[Start of section]

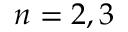Convert formula to latex. <formula><loc_0><loc_0><loc_500><loc_500>n = 2 , 3</formula> 
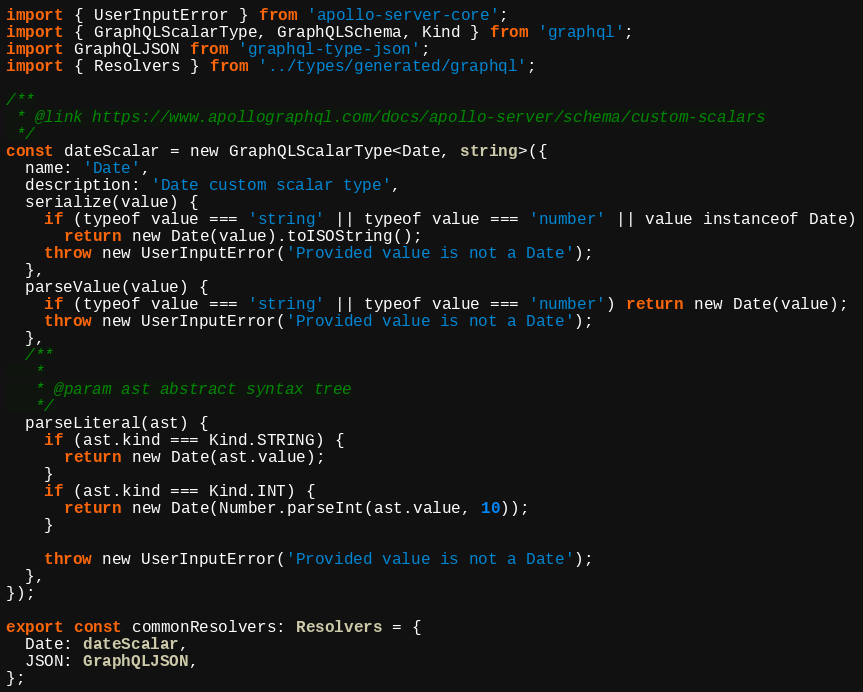Convert code to text. <code><loc_0><loc_0><loc_500><loc_500><_TypeScript_>import { UserInputError } from 'apollo-server-core';
import { GraphQLScalarType, GraphQLSchema, Kind } from 'graphql';
import GraphQLJSON from 'graphql-type-json';
import { Resolvers } from '../types/generated/graphql';

/**
 * @link https://www.apollographql.com/docs/apollo-server/schema/custom-scalars
 */
const dateScalar = new GraphQLScalarType<Date, string>({
  name: 'Date',
  description: 'Date custom scalar type',
  serialize(value) {
    if (typeof value === 'string' || typeof value === 'number' || value instanceof Date)
      return new Date(value).toISOString();
    throw new UserInputError('Provided value is not a Date');
  },
  parseValue(value) {
    if (typeof value === 'string' || typeof value === 'number') return new Date(value);
    throw new UserInputError('Provided value is not a Date');
  },
  /**
   *
   * @param ast abstract syntax tree
   */
  parseLiteral(ast) {
    if (ast.kind === Kind.STRING) {
      return new Date(ast.value);
    }
    if (ast.kind === Kind.INT) {
      return new Date(Number.parseInt(ast.value, 10));
    }

    throw new UserInputError('Provided value is not a Date');
  },
});

export const commonResolvers: Resolvers = {
  Date: dateScalar,
  JSON: GraphQLJSON,
};
</code>

[End of section]

● Goal of the exercise
Go line by line through the material above and return each one that includes "GraphQLJSON".

● Response box
import GraphQLJSON from 'graphql-type-json';
  JSON: GraphQLJSON,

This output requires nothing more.